PIERRE EMMANUEL

Le poète fouÉditions du Rocher, Monaco, 1944. Illustrations de Léon Zack.

Mes pas, sur le velours des profondes paroles
ont soumis leur silence à ta mesure, ô Mer !
J’ai surpris les dieux nus dans le grand jour des fables,
leur essence indécise en ses jeux souverains
je la drape de transparences de mémoire
voiles tendres d’un Chant où baignent des contours
tout frémissants d’ineffables métamorphoses
si fluides aux doigts qui les voudraient saisir...

Une branche pleure ses fleurs sur un visage
haut dans l’or quelle main palpite – quel oiseau :
dans les roseaux froissés, qui parle ? Sur le sable
un rameau de vent frêle écrit ma destinée.
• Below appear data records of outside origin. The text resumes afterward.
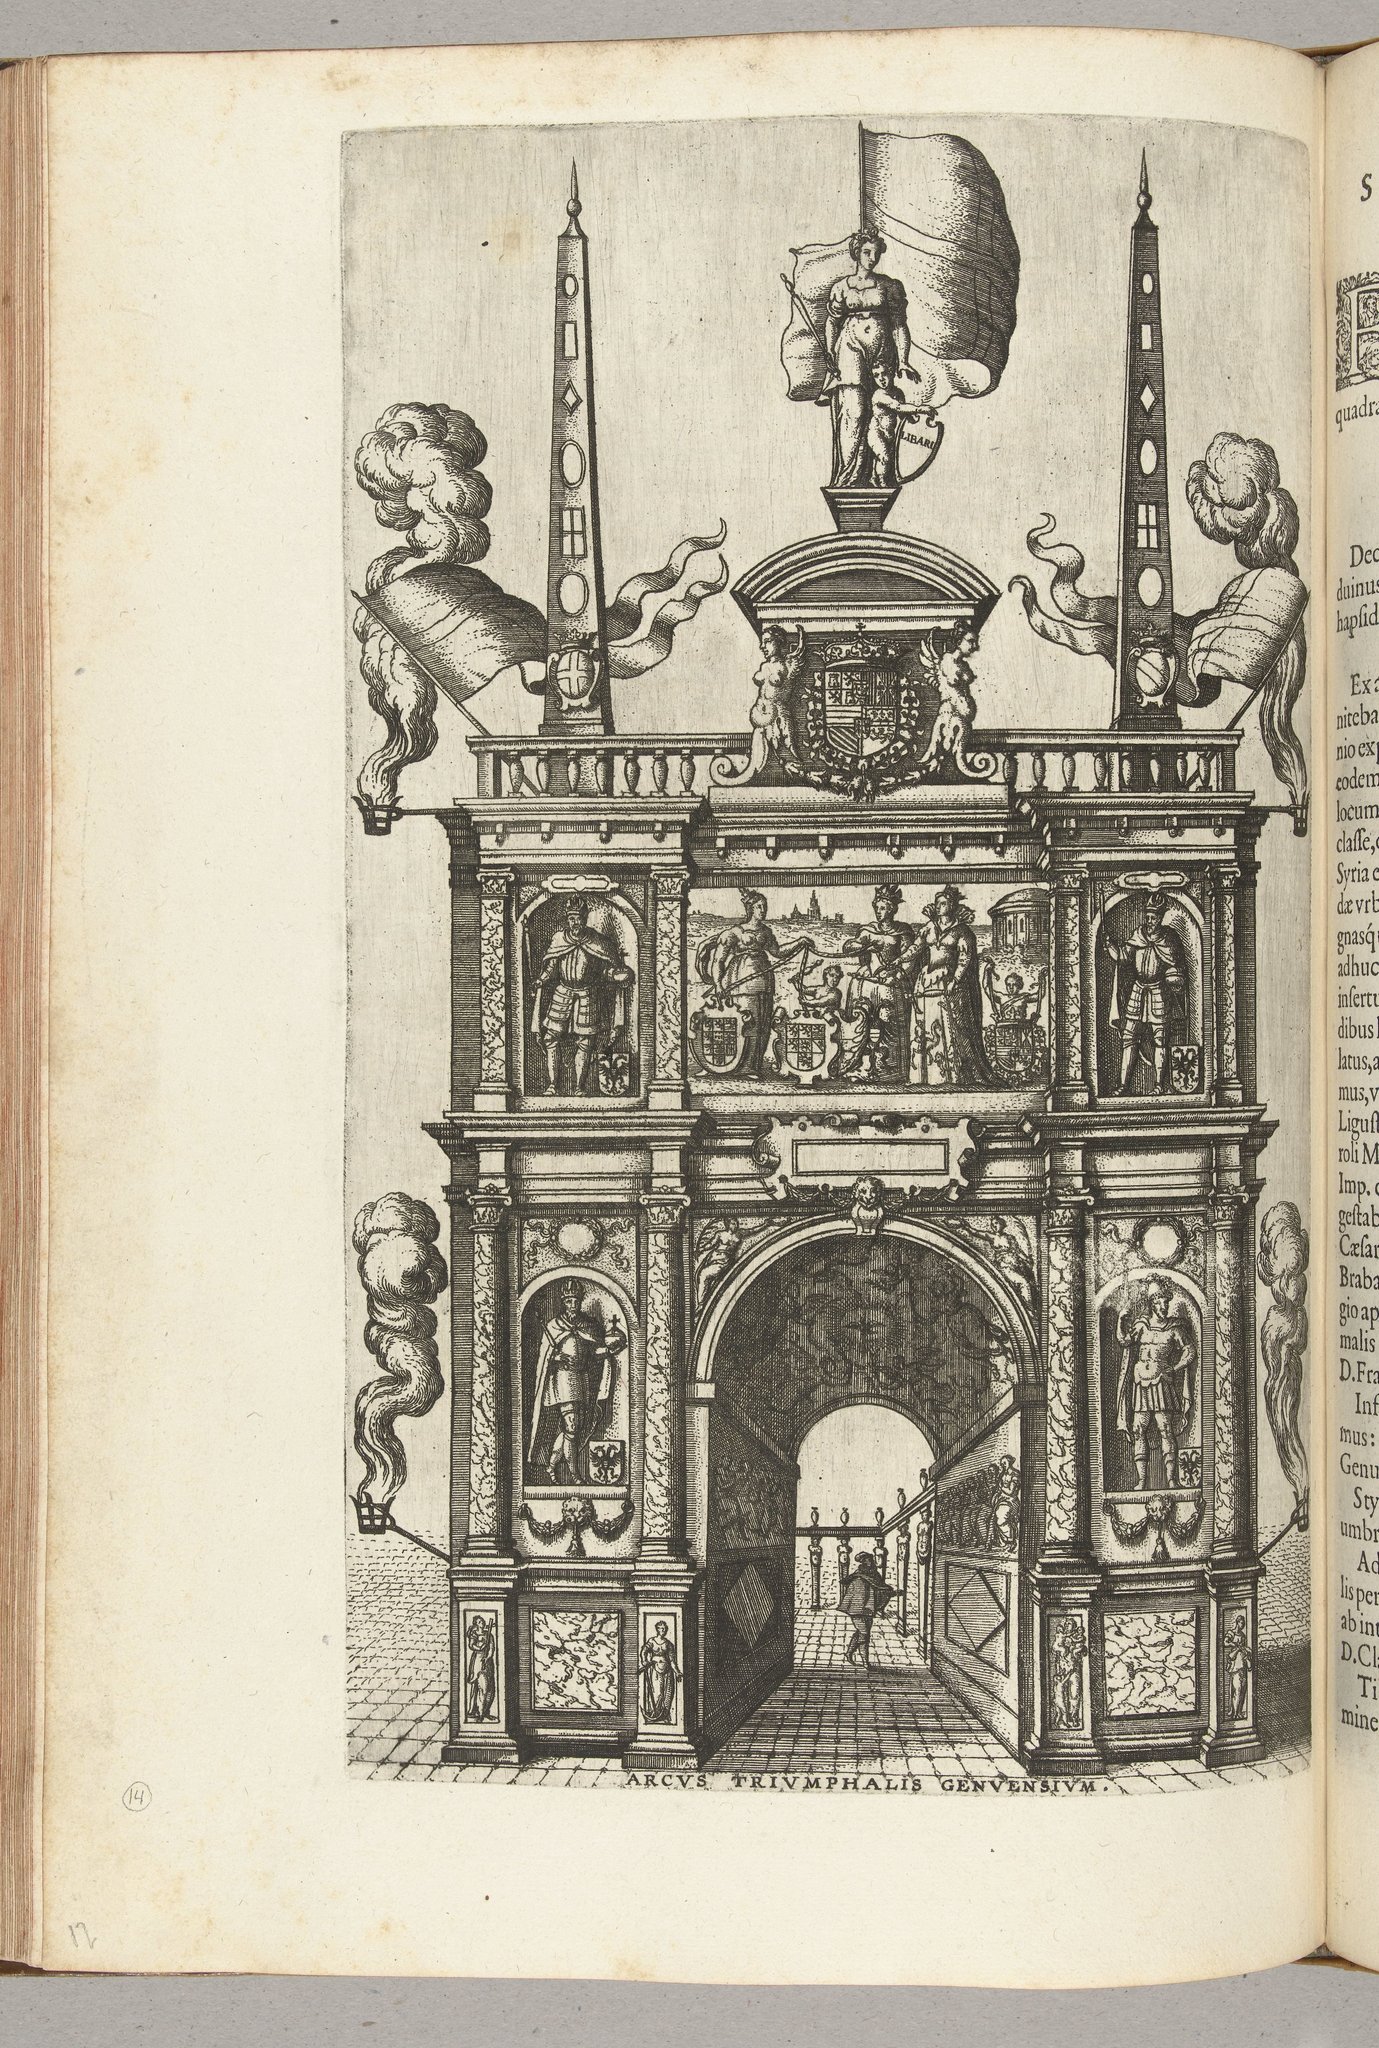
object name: print
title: Arcus Triumphalis Genuensium
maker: pieter van der borcht (i)
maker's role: print maker
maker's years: 1545-1608
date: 1594-1595
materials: paper
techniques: etching
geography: southern netherlands
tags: brussels, triumphal entry and public reception, pageant, 'entrée solennelle', 'joyeuse entrée', antwerp
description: Triomfboog van Genua (voorzijde). Opgericht op de Meir bij de Lange Klarenstraat. Onderdeel van de beschrijving van de intocht van aartshertog Ernst te Antwerpen, 18 juli 1594, door Joannes Bochius, Descriptio publicae gratulationis, spectaculorum et ludorum, in adventu Sereniss. Principis Ernesti Archiducis Austriae, Ex Officina Plantiniana, Antwerpen 1595.
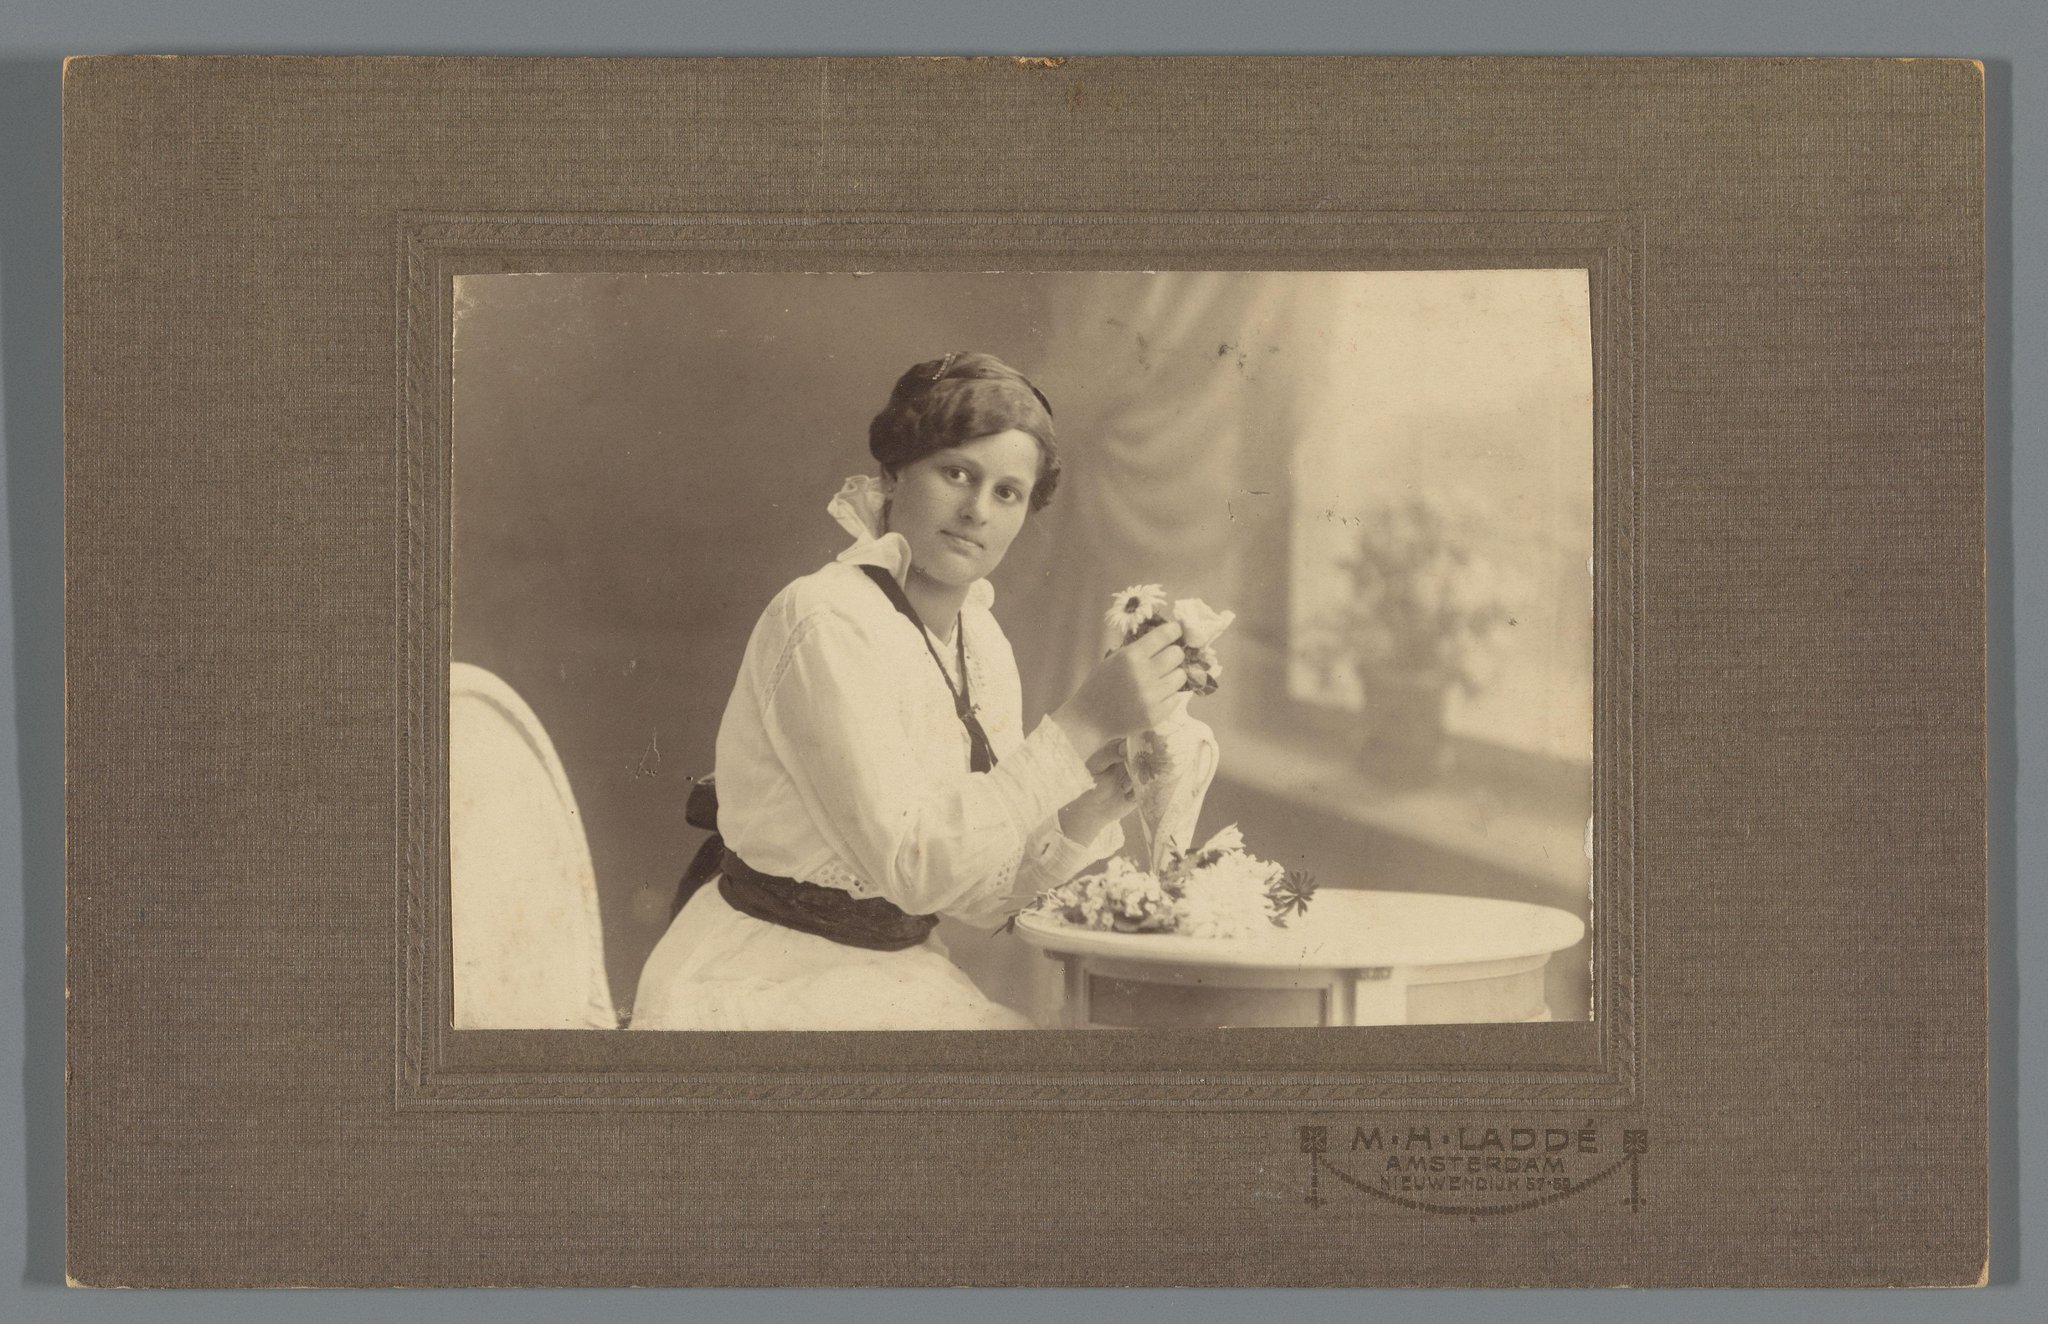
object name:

                               Le poète fou, V


     « L’édition originale du Poète fou, comportant neuf illustrations de Léon Zack, est publiée à Monaco par les Éditions du Rocher en 1944. Le livre sort des presses le 21 août. [...]
     La lecture de Hölderlin est, pour Pierre Emmanuel, un catalyseur de sa propre réflexion sur le mythe. "Pierre Emmanuel — écrit Albert Béguin — a renouvelé l’une des grandes intuitions de la poésie européenne : celle de Hölderlin, qui découvrit soudain les mythes grecs, non seulement dans leur valeur historique ou plastique, mais dans leur signification éternelle et vivante. Et à son tour, l’auteur du Tombeau d’Orphée a vu dans le chantre déchiré par les ménades une figure, un reflet du Christ. Mais, tandis que le poète foudroyé du romantisme allemand, — héritier sans le savoir des Renaissants français — demeurait tout engagé dans un paganisme dramatique, et n’atteignait à quelque intelligence de la vérité chrétienne qu’à partir du mythe ancien, Pierre Emmanuel se situe d’emblée en un centre qui est l’Incarnation de Jésus-Christ" (A. Béguin, Présentation de Pierre Emmanuel, in P.E., Le poëte et son Christ, "Les Cahiers du Rhône", Neuchâtel, La Baconnière, 1942, p. 137-138). Les deux études qui précèdent les poèmes du Poète fou dans l’édition de 1948 (au Seuil) — "Hölderlin et l’Histoire", parue dans la revue Fontaine (n°56, 1945), "Le Christ de Hölderlin", parue dans Suisse contemporaine (juillet 1943) sous le titre "Sur une traduction de Hölderlin" — le confirment.

François Livi, notice du Poète fou, Œuvres poétiques complètes, t. 1, L’Âge d’Homme, 2001, p. 1160-1163.